Before reaching an `|h| < 0.01`

where the power series could begin to converge, `extrapolate`

gave up and returned a wrong answer (with a large error estimate to let you know that the result is garbage)! In contrast, if we start with a small enough `h`

then it converges just fine and returns the correct answer (`-10000`

) to nearly machine precision:

```
julia> extrapolate(0.01) do h
@show h
x = 0.01
(1/(x+h) - 1/x) / h
end
h = 0.01
h = 0.00125
h = 0.00015625
h = 1.953125e-5
h = 2.44140625e-6
h = 3.0517578125e-7
(-10000.000000000211, 4.066770998178981e-6)
```

Of course, if you know that your function blows up like this, it is easy to choose good initial `h`

, but how can we persuade `extrapolate`

to do a better job automatically?

The trick is to use the `breaktol`

keyword argument. `breaktol`

defaults to `2`

,
which means that `extrapolate`

gives up if the best error estimate increases by
more than a factor of 2 from one iteration to the next. Ordinarily, this
kind of breakdown in convergence arises because you hit the limits of floating-point precision, and halting extrapolation is the right thing to do.

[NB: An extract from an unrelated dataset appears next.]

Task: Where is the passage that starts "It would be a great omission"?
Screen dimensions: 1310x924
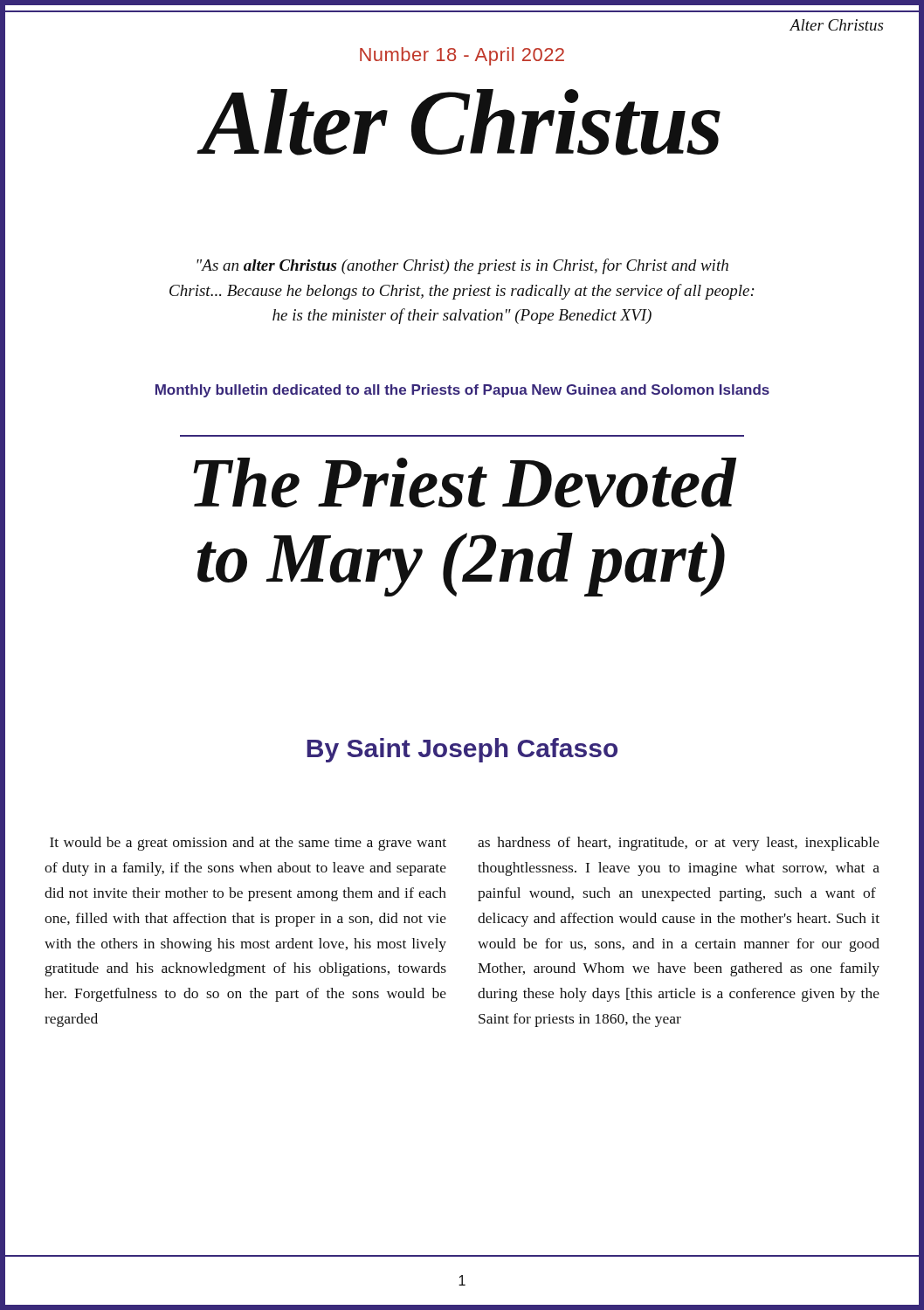Action: (245, 930)

Here, however, it would converge if we just continued shrinking `h`

. So, we simply set `breaktol=Inf`

to force extrapolation to continue, which works even for a large initial `h=1000.0`

:

```
julia> extrapolate(1000.0, breaktol=Inf) do h
@show h
x = 0.01
(1/(x+h) - 1/x) / h
end
h = 1000.0
h = 125.0
h = 15.625
h = 1.953125
h = 0.244140625
h = 0.030517578125
h = 0.003814697265625
h = 0.000476837158203125
h = 5.9604644775390625e-5
h = 7.450580596923828e-6
h = 9.313225746154785e-7
h = 1.1641532182693481e-7
(-10000.000000029328, 5.8616933529265225e-8)
```

Not that it continues extrapolating until it reaches small `h`

values where the power-series converges, and in the end it again returns the correct answer to nearly machine precision (and would reach machine precision if we set a smaller `rtol`

). (The `extrapolate`

function *automatically* discards the initial points where the polynomial extrapolation fails.)